Station House, 1 North Circular Road, Lisburn, Co Antrim, BT28 3AH is a Grade B2 listed building in the Lisburn and Castlereagh local planning authority area, Northern Ireland. First listed on 8 October 1981.
Station House, 1 North Circular Road, Lisburn, Co Antrim, BT28 3AH
- WRENN ID
- north-pillar-larch
- Grade
- B2
- Local Planning Authority
- Lisburn and Castlereagh
- Country
- Northern Ireland
- Date first listed
- 8 October 1981
- Source
- NI Environment Agency listing
Description
Station House is a detached two-storey, three-bay dwelling with two two-storey rear returns on its east elevation, situated below the corner of Magheralave Road and North Circular Road in Lisburn. The main section of the house is aligned north-south with its principal elevation facing west.
The building is constructed of red brick embellished with stepped yellow brick quoins. A purple brick platband runs around the north, east and south elevations of the main section at ground and first floor cill levels. The north elevation of the north-east return and south elevation of the south-east return also have an identical platband across their first floors. The pitched natural slate roofs feature fretted bargeboards and boxed eaves. Corbelled yellow-brick chimneys exist to each gable, although the one on the north-east return has been removed. Half-round metal and plastic rainwater goods are fitted throughout.
The principal west elevation includes a single-storey entrance porch to the middle, which appears to be a modern replacement although it retains a matching roof with plain bargeboard, walls and quoins. The porch has a door to the left check and a window with concrete cill to its right cheek. The ground floor of the left bay contains two windows with shallow segmental yellow brick heads and common painted stone cills. The bay to the right of the porch is canted at single-storey height with similarly detailed windows to each cant but with separate cills. Single windows occupy each first floor bay, except the middle one which has a semi-circular yellow-brick head. The south gable of the main section has two segmental-headed windows at first floor level, also with yellow brick heads and stone cills.
A modern boiler house is attached to the ground floor with a metal flue running up the quoin.
The south-east rear return is the same height as the main block but slightly inset from its gable. It has a pair of windows to its south elevation at ground floor level and two first floor windows on its east gable. The north-east rear return is slightly lower and shorter than the south-east return, with its north elevation continuous with the north gable of the main block. This elevation has two ground floor windows with flat red brick heads; the right-hand window with concrete cill is a modern insertion replacing a smaller original window or door. Two original windows exist at first floor level, all with flat red-brick heads. The north elevation of this return has a ground floor door (a modern insertion) to the left of which is an infilled original window opening with a yellow-brick head.
All windows and doors throughout are modern uPVC casements.

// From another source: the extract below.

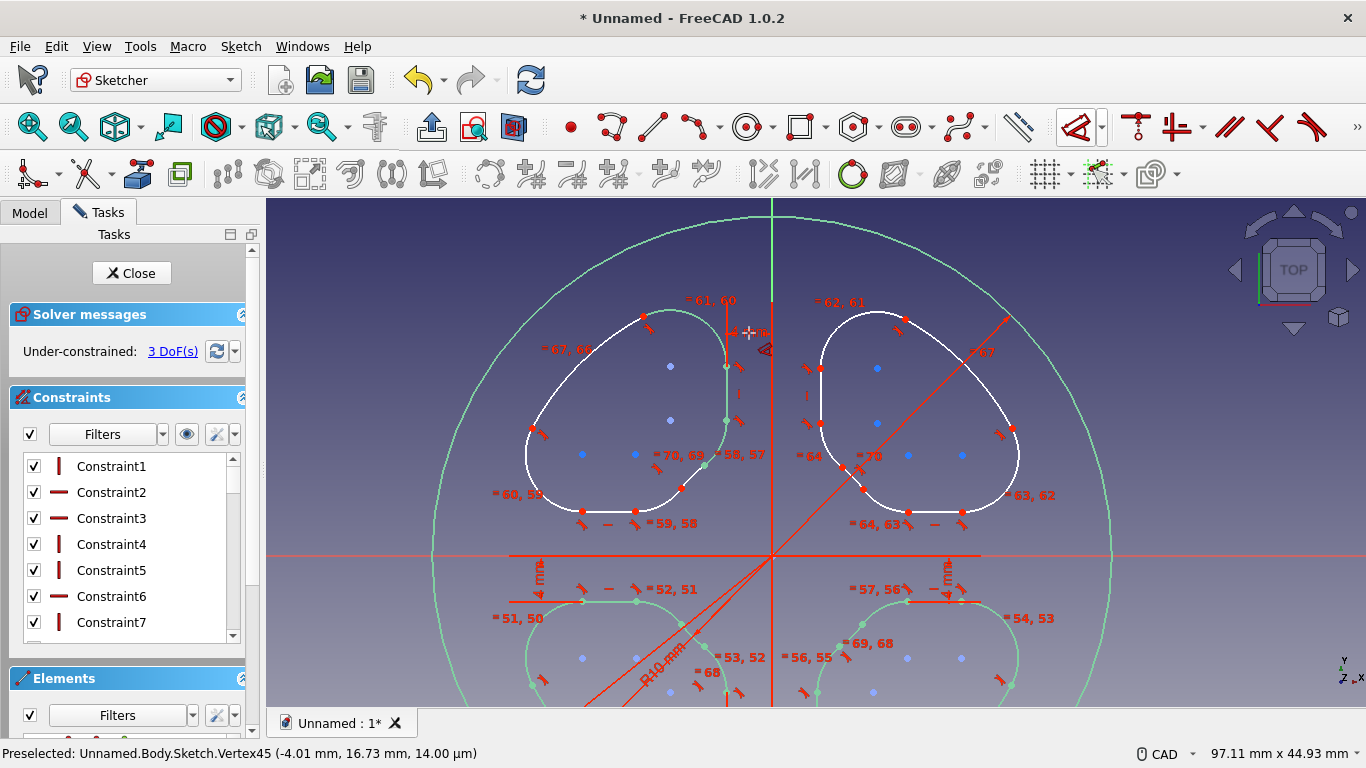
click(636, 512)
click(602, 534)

The back yard is partly bounded by a red-brick wall topped with hollow triangular terracotta copings and contains a modern single-storey brick and rendered concrete shed. The grounds are enclosed along their north and east sides by a random basalt wall topped with terracotta copings. Originally there were steps down to the back yard from the main road, but this entrance has been infilled with brick and the steps removed.
A side entrance along the North Circular Road features a wrought-iron gate set within an opening with dressed granite jambs and head, with a more recent vehicle entrance further along this road. A large garden extends west of the house, bounded to south and west by a hedge separating it from Lisburn Station.